Hybrid semiparametric systems that combine shallow neural networks with First Principles have been widely used for bioprocess modelling. In light of that, a new PROMICON-supported paper, recently published in the Computers & Chemical Engineering Journal, was specifically interested in advancing the assessment of the general bioreactor hybrid model and introducing some recent deep learning techniques.
In the newly published study ‘A general deep hybrid model for bioreactor systems: Combining first principles with deep neural networks’, the researchers, amongst whom project partners from Nova University Lisbon, investigated the effect of increasing the depth of the neural network resorting to different training approaches. The deep learning techniques, namely the adaptive moment estimation method (ADAM), stochastic regularisation and depth-dependent weights initialisation were evaluated in a hybrid modelling context. The paper thoroughly describes the method development, validation and verification, as well as the materials and methods used in the process.

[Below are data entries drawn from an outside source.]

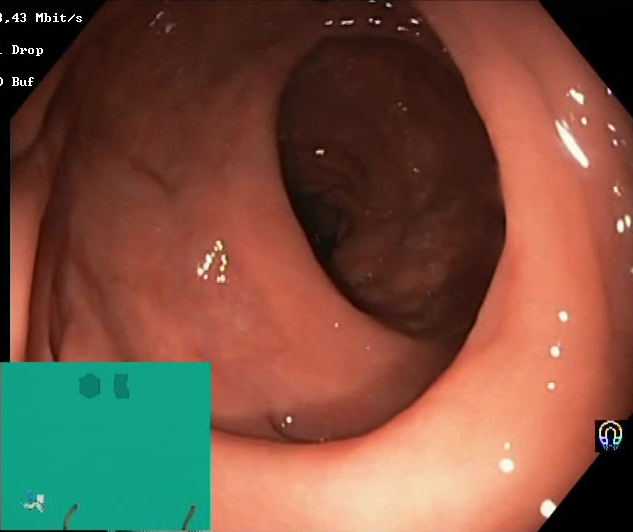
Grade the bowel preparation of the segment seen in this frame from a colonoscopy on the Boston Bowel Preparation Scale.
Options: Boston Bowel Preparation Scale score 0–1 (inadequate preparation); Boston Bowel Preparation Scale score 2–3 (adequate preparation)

Boston Bowel Preparation Scale score 2–3 (adequate preparation)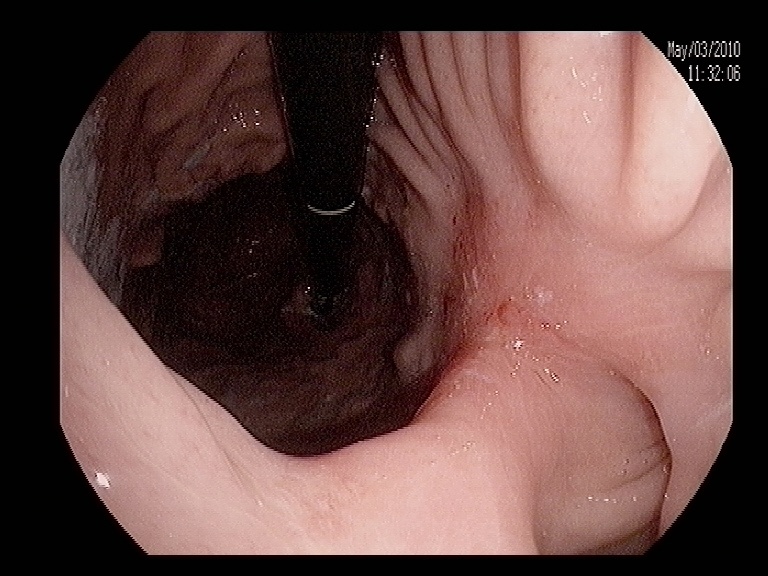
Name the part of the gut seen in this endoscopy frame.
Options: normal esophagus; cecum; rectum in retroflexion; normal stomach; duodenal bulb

normal stomach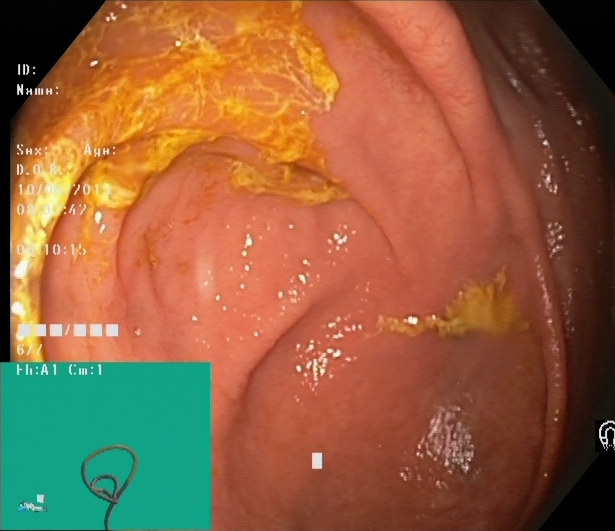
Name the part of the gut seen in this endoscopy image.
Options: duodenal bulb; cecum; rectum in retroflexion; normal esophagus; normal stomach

cecum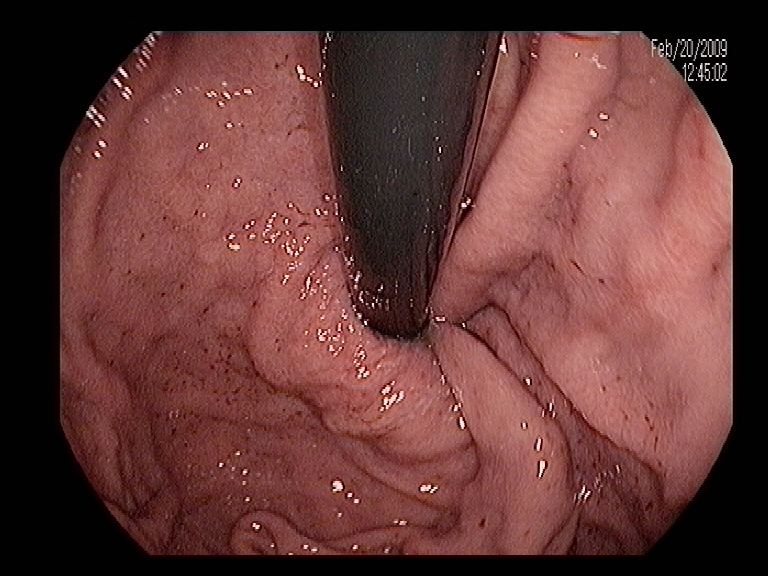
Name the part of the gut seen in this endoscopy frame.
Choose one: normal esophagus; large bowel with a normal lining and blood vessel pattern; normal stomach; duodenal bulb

normal stomach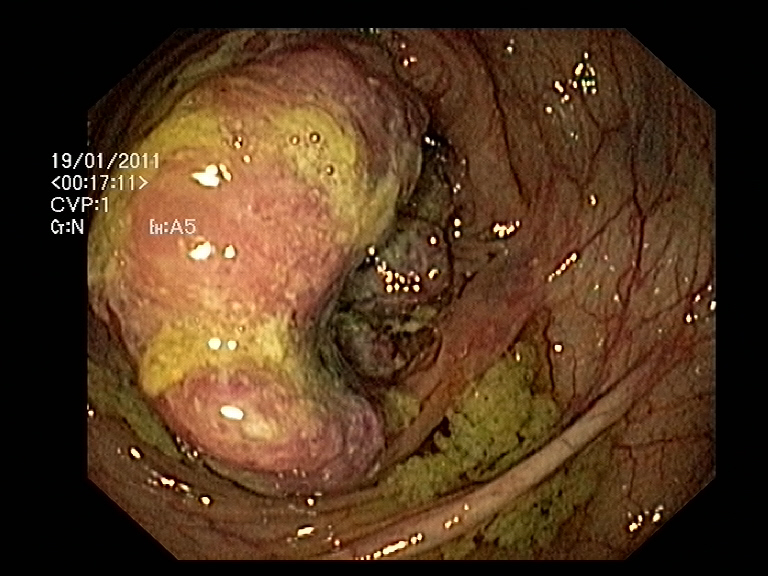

The study reports that the key conclusion to be taken is that there is a clear advantage of adopting hybrid deep models both in terms of predictive power and in terms of computational cost in relation to the shallow hybrid case. All in all, the results point to a systematic generalisation improvement of deep hybrid models over its shallow counterpart.
Read the full paper here.
Photo: Schematic representation of the general deep hybrid model for bioreactor systems. The model is dynamic in nature with state vector, x, and observable outputs y. The model has a parametric component (functions f(.) and h(.)) with fixed mathematical structure determined by First Principles (typically material/energy balance equations). Some cellular properties are modelled by a deep feedforward neural network with multiple hidden layers as function of the process state, x, and external inputs, u. The deep neural network is a nonparametric model component with loose structure that must be identified from process data given the absence of explanatory mechanisms for that particular part of the model.